* [TASK GOAL]
I need the records below restated word for word, without their pictures.

(Data entries)
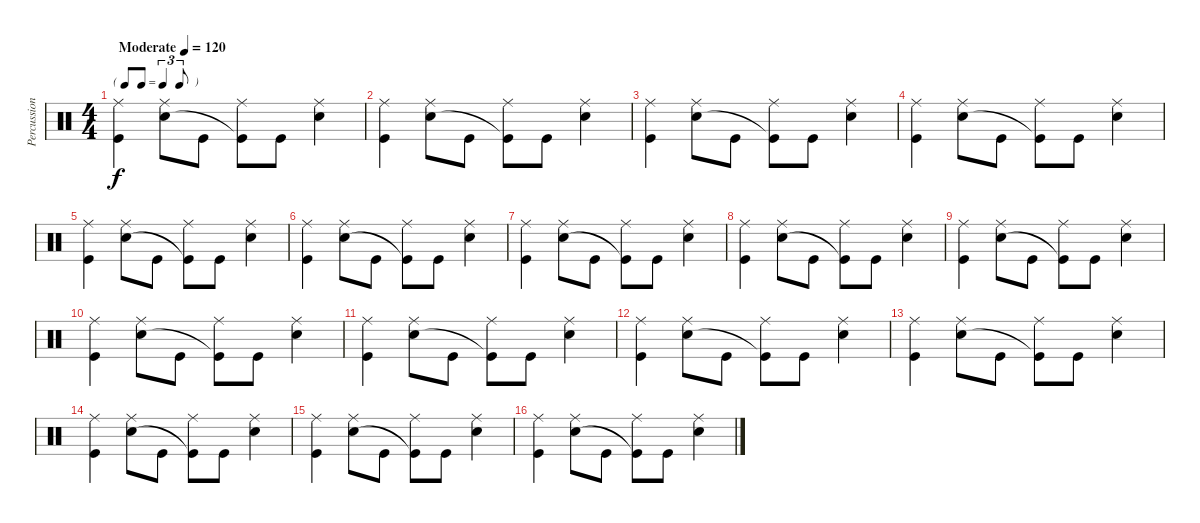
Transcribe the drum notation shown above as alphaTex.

\track ("Percussion" "Percussion") {instrument percussion}
\staff {score}
\articulation defaults
\ts (4 4)
\tf triplet8th
\tempo (120 "Moderate")
\clef neutral
\ks c
("Ride (middle)" "Kick (hit)").4{dy f} ("Ride (middle)" "Snare (hit) 2").8 "Kick (hit)".8 ("Ride (middle)" "Kick (hit)"{t}).8 "Kick (hit)".8 ("Ride (middle)" "Snare (hit) 2").4 |
("Ride (middle)" "Kick (hit)").4 ("Ride (middle)" "Snare (hit) 2").8 "Kick (hit)".8 ("Ride (middle)" "Kick (hit)"{t}).8 "Kick (hit)".8 ("Ride (middle)" "Snare (hit) 2").4 |
("Ride (middle)" "Kick (hit)").4 ("Ride (middle)" "Snare (hit) 2").8 "Kick (hit)".8 ("Ride (middle)" "Kick (hit)"{t}).8 "Kick (hit)".8 ("Ride (middle)" "Snare (hit) 2").4 |
("Ride (middle)" "Kick (hit)").4 ("Ride (middle)" "Snare (hit) 2").8 "Kick (hit)".8 ("Ride (middle)" "Kick (hit)"{t}).8 "Kick (hit)".8 ("Ride (middle)" "Snare (hit) 2").4 |
("Ride (middle)" "Kick (hit)").4 ("Ride (middle)" "Snare (hit) 2").8 "Kick (hit)".8 ("Ride (middle)" "Kick (hit)"{t}).8 "Kick (hit)".8 ("Ride (middle)" "Snare (hit) 2").4 |
("Ride (middle)" "Kick (hit)").4 ("Ride (middle)" "Snare (hit) 2").8 "Kick (hit)".8 ("Ride (middle)" "Kick (hit)"{t}).8 "Kick (hit)".8 ("Ride (middle)" "Snare (hit) 2").4 |
("Ride (middle)" "Kick (hit)").4 ("Ride (middle)" "Snare (hit) 2").8 "Kick (hit)".8 ("Ride (middle)" "Kick (hit)"{t}).8 "Kick (hit)".8 ("Ride (middle)" "Snare (hit) 2").4 |
("Ride (middle)" "Kick (hit)").4 ("Ride (middle)" "Snare (hit) 2").8 "Kick (hit)".8 ("Ride (middle)" "Kick (hit)"{t}).8 "Kick (hit)".8 ("Ride (middle)" "Snare (hit) 2").4 |
("Ride (middle)" "Kick (hit)").4 ("Ride (middle)" "Snare (hit) 2").8 "Kick (hit)".8 ("Ride (middle)" "Kick (hit)"{t}).8 "Kick (hit)".8 ("Ride (middle)" "Snare (hit) 2").4 |
("Ride (middle)" "Kick (hit)").4 ("Ride (middle)" "Snare (hit) 2").8 "Kick (hit)".8 ("Ride (middle)" "Kick (hit)"{t}).8 "Kick (hit)".8 ("Ride (middle)" "Snare (hit) 2").4 |
("Ride (middle)" "Kick (hit)").4 ("Ride (middle)" "Snare (hit) 2").8 "Kick (hit)".8 ("Ride (middle)" "Kick (hit)"{t}).8 "Kick (hit)".8 ("Ride (middle)" "Snare (hit) 2").4 |
("Ride (middle)" "Kick (hit)").4 ("Ride (middle)" "Snare (hit) 2").8 "Kick (hit)".8 ("Ride (middle)" "Kick (hit)"{t}).8 "Kick (hit)".8 ("Ride (middle)" "Snare (hit) 2").4 |
("Ride (middle)" "Kick (hit)").4 ("Ride (middle)" "Snare (hit) 2").8 "Kick (hit)".8 ("Ride (middle)" "Kick (hit)"{t}).8 "Kick (hit)".8 ("Ride (middle)" "Snare (hit) 2").4 |
("Ride (middle)" "Kick (hit)").4 ("Ride (middle)" "Snare (hit) 2").8 "Kick (hit)".8 ("Ride (middle)" "Kick (hit)"{t}).8 "Kick (hit)".8 ("Ride (middle)" "Snare (hit) 2").4 |
("Ride (middle)" "Kick (hit)").4 ("Ride (middle)" "Snare (hit) 2").8 "Kick (hit)".8 ("Ride (middle)" "Kick (hit)"{t}).8 "Kick (hit)".8 ("Ride (middle)" "Snare (hit) 2").4 |
("Ride (middle)" "Kick (hit)").4 ("Ride (middle)" "Snare (hit) 2").8 "Kick (hit)".8 ("Ride (middle)" "Kick (hit)"{t}).8 "Kick (hit)".8 ("Ride (middle)" "Snare (hit) 2").4
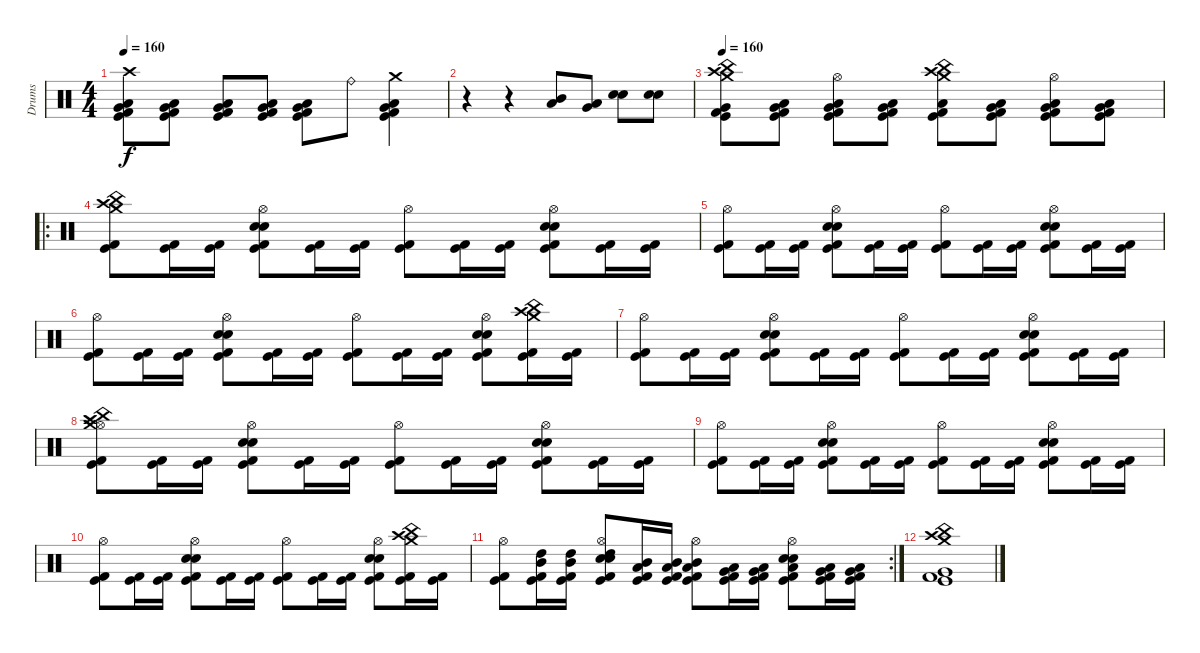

* [RESULT BELOW]
Transcribe the drum notation shown above as alphaTex.

\track ("Percussion" "Percussion") {instrument percussion}
\staff {score}
\articulation defaults
\ts (4 4)
\tf triplet8th
\tempo (120 "Moderate")
\clef neutral
\ks c
("Ride (middle)" "Kick (hit)").4{dy f} ("Ride (middle)" "Snare (hit) 2").8 "Kick (hit)".8 ("Ride (middle)" "Kick (hit)"{t}).8 "Kick (hit)".8 ("Ride (middle)" "Snare (hit) 2").4 |
("Ride (middle)" "Kick (hit)").4 ("Ride (middle)" "Snare (hit) 2").8 "Kick (hit)".8 ("Ride (middle)" "Kick (hit)"{t}).8 "Kick (hit)".8 ("Ride (middle)" "Snare (hit) 2").4 |
("Ride (middle)" "Kick (hit)").4 ("Ride (middle)" "Snare (hit) 2").8 "Kick (hit)".8 ("Ride (middle)" "Kick (hit)"{t}).8 "Kick (hit)".8 ("Ride (middle)" "Snare (hit) 2").4 |
("Ride (middle)" "Kick (hit)").4 ("Ride (middle)" "Snare (hit) 2").8 "Kick (hit)".8 ("Ride (middle)" "Kick (hit)"{t}).8 "Kick (hit)".8 ("Ride (middle)" "Snare (hit) 2").4 |
("Ride (middle)" "Kick (hit)").4 ("Ride (middle)" "Snare (hit) 2").8 "Kick (hit)".8 ("Ride (middle)" "Kick (hit)"{t}).8 "Kick (hit)".8 ("Ride (middle)" "Snare (hit) 2").4 |
("Ride (middle)" "Kick (hit)").4 ("Ride (middle)" "Snare (hit) 2").8 "Kick (hit)".8 ("Ride (middle)" "Kick (hit)"{t}).8 "Kick (hit)".8 ("Ride (middle)" "Snare (hit) 2").4 |
("Ride (middle)" "Kick (hit)").4 ("Ride (middle)" "Snare (hit) 2").8 "Kick (hit)".8 ("Ride (middle)" "Kick (hit)"{t}).8 "Kick (hit)".8 ("Ride (middle)" "Snare (hit) 2").4 |
("Ride (middle)" "Kick (hit)").4 ("Ride (middle)" "Snare (hit) 2").8 "Kick (hit)".8 ("Ride (middle)" "Kick (hit)"{t}).8 "Kick (hit)".8 ("Ride (middle)" "Snare (hit) 2").4 |
("Ride (middle)" "Kick (hit)").4 ("Ride (middle)" "Snare (hit) 2").8 "Kick (hit)".8 ("Ride (middle)" "Kick (hit)"{t}).8 "Kick (hit)".8 ("Ride (middle)" "Snare (hit) 2").4 |
("Ride (middle)" "Kick (hit)").4 ("Ride (middle)" "Snare (hit) 2").8 "Kick (hit)".8 ("Ride (middle)" "Kick (hit)"{t}).8 "Kick (hit)".8 ("Ride (middle)" "Snare (hit) 2").4 |
("Ride (middle)" "Kick (hit)").4 ("Ride (middle)" "Snare (hit) 2").8 "Kick (hit)".8 ("Ride (middle)" "Kick (hit)"{t}).8 "Kick (hit)".8 ("Ride (middle)" "Snare (hit) 2").4 |
("Ride (middle)" "Kick (hit)").4 ("Ride (middle)" "Snare (hit) 2").8 "Kick (hit)".8 ("Ride (middle)" "Kick (hit)"{t}).8 "Kick (hit)".8 ("Ride (middle)" "Snare (hit) 2").4 |
("Ride (middle)" "Kick (hit)").4 ("Ride (middle)" "Snare (hit) 2").8 "Kick (hit)".8 ("Ride (middle)" "Kick (hit)"{t}).8 "Kick (hit)".8 ("Ride (middle)" "Snare (hit) 2").4 |
("Ride (middle)" "Kick (hit)").4 ("Ride (middle)" "Snare (hit) 2").8 "Kick (hit)".8 ("Ride (middle)" "Kick (hit)"{t}).8 "Kick (hit)".8 ("Ride (middle)" "Snare (hit) 2").4 |
("Ride (middle)" "Kick (hit)").4 ("Ride (middle)" "Snare (hit) 2").8 "Kick (hit)".8 ("Ride (middle)" "Kick (hit)"{t}).8 "Kick (hit)".8 ("Ride (middle)" "Snare (hit) 2").4 |
("Ride (middle)" "Kick (hit)").4 ("Ride (middle)" "Snare (hit) 2").8 "Kick (hit)".8 ("Ride (middle)" "Kick (hit)"{t}).8 "Kick (hit)".8 ("Ride (middle)" "Snare (hit) 2").4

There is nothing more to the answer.